On Tuesday 30 June 2015 22:20:12 David Wright wrote:
> Quoting Lisi Reisz (lisi.reisz@gmail.com):
> > On Tuesday 30 June 2015 21:42:16 David Wright wrote:
> > > Quoting Lisi Reisz (lisi.reisz@gmail.com):
> > > > On Monday 29 June 2015 02:28:20 Richard Owlett wrote:
> > > > > Dan Hitt wrote:
> > > > > > Hi,
> > > > > >
> > > > > > Could somebody please point me to a sound waveform viewer?
> > > > > >
> > > > > > I'm aware of audacity, which is of course a very fine piece of
> > > > > > software.  But its function is more to edit than just to view. 
> > > > > > So, e.g., if you open a sound file, then it wants to create a
> > > > > > project, and when you want to exit you have to tell it not to
> > > > > > save the project that it created.
> > > > > >
> > > > > > I would like to just have something that shows the waveform.
> > > > > >
> > > > > > Ideally it would do other tasks connected with viewing, such as
> > > > > > being able to zoom to the sample level, give actual data readouts
> > > > > > [sample value, time, etc], and play nice with other software.  So
> > > > > > it would be nice, e.g., if you could pop it open at the command
> > > > > > line and maybe even have it scroll to some interesting point. 

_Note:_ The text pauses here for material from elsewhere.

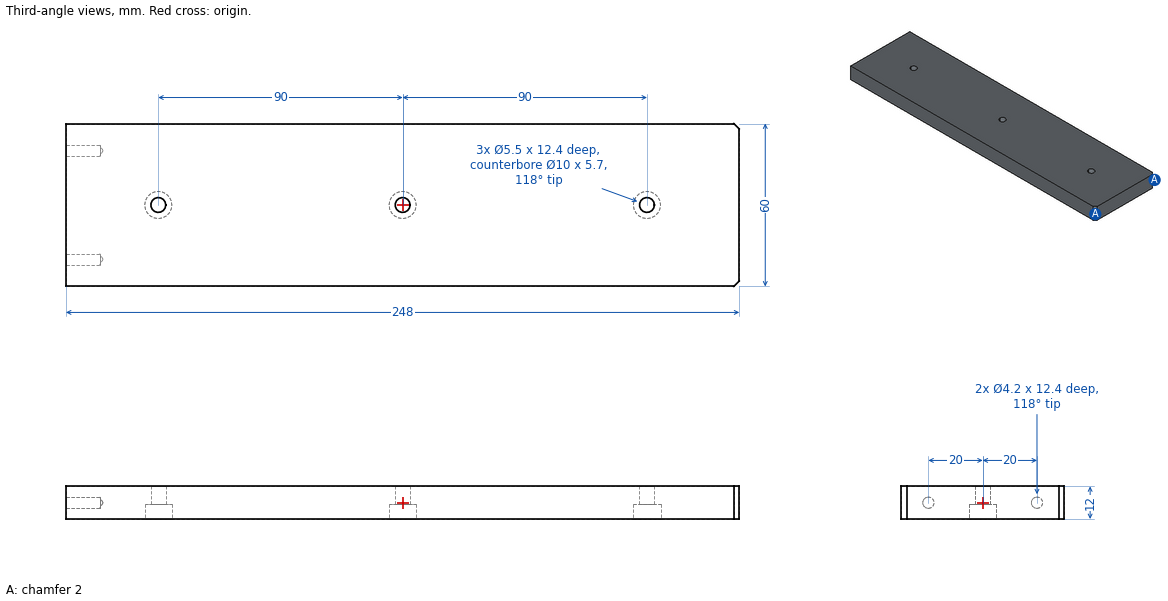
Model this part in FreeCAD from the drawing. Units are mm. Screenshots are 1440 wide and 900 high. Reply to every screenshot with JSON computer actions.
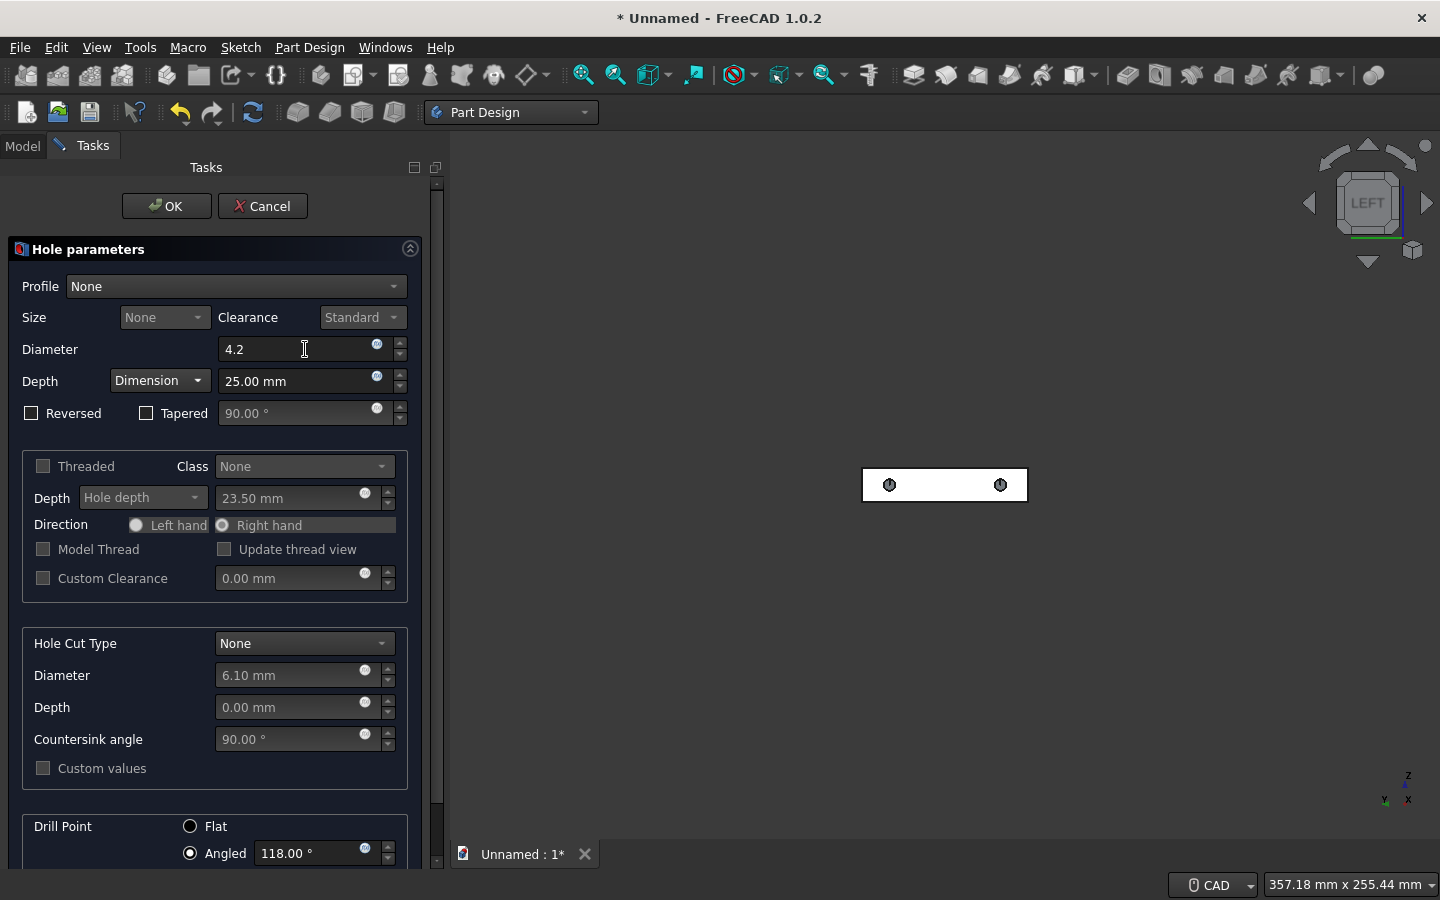
{"action": "triple_click", "coordinate": [305, 381]}
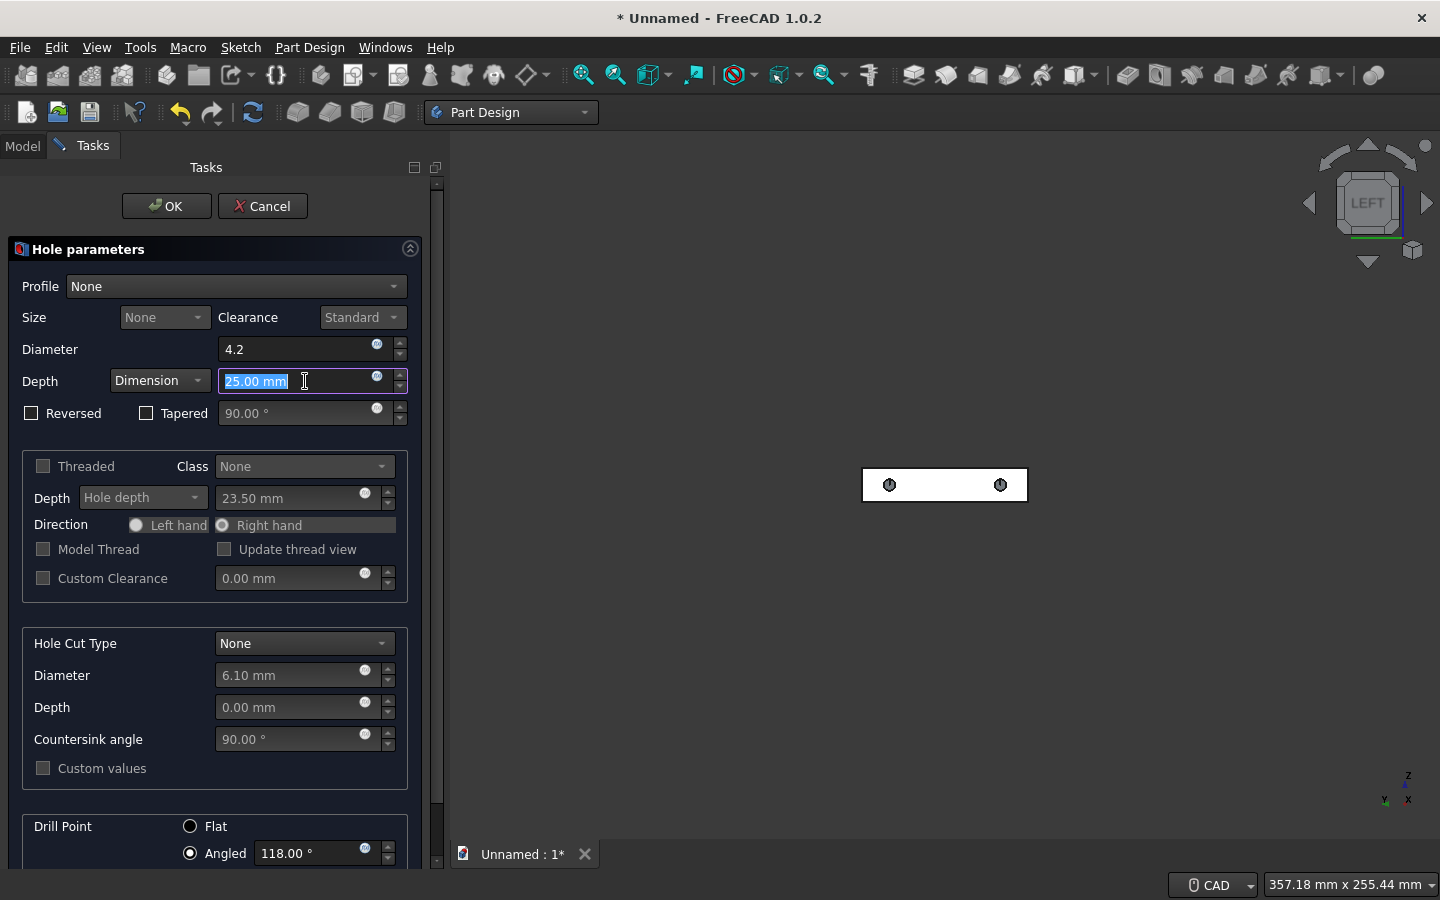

> > > > > > (It would also be nice if it could play the wave form, but if it
> > > > > > can't that's no deal breaker.)
> > > > > >
> > > > > > My vague recollection is that there used to be more than a dozen
> > > > > > such viewers, but i can't seem to track any down now.
> > > > > >
> > > > > > TIA for any leads!
> > > > > >
> > > > > > dan
> > > > >
> > > > > Unlikely what you were recalling but I would recommend
> > > > > investigating scilab, scioslab, and gnuplot
> > > > >
> > > > > They are EXPLICITLY tools rather than SOLUTIONS.
> > > >
> > > > And there are the answer to the question how?  He explicitly wanted a
> > > > SOUND waveform viewer, with playing the sound a bonus.  I know Maths
> > > > and sound are linked, but this seems going a bit far.
> > >
> > > Well, it's in the list at
> > > https://wiki.ubuntu.com/Waveform_Viewers-Plotting_Large_Analog_Data
> > > which might be worth perusing (third hit when googling   interactive
> > > waveform plotting   )
> >
> > From there:
> > -----------------------------
> > A situation often occurs, where the user ends up with some sort of a
> > large dataset that needs to be visualised and analysed. Examples of this
> > include: [snip]
> > data from statistical or mathematical analysis (using, say, R or scilab);
> > --------------------------------------
> > That is  not sound.
> >
> > Lisi
> > PS though the page does indeed also include sound wave plotters.
>
> Scilab appears in section 2 as a generator of large datasets. Many
> authors of such a page wouldn't have bothered with section 2 at all,
> but happily this author generated a batch of data to test the software
> listed in section 3 (making it easier to try out other ideas we might
> have).
>
> Were one to play the waveform generated, it might not be very
> pleasant. It looks to me vaguely like someone trying to tune a
> superhet radio while simultaneously turning up the volume to annoy
> the neighbours.
>
> The meat of the page is section 3 which contains, amongst the
> competition, scilab.
>
> Scilab was a legitimate suggestion given that the OP wasn't very
> specific about the problem area. For example, what is an "interesting
> point"? However, a deal breaker might be the reviewer's inability to
> perform synchronous zooms on multichannel data in scilab.
 "Sound" seems to me to be pretty specific.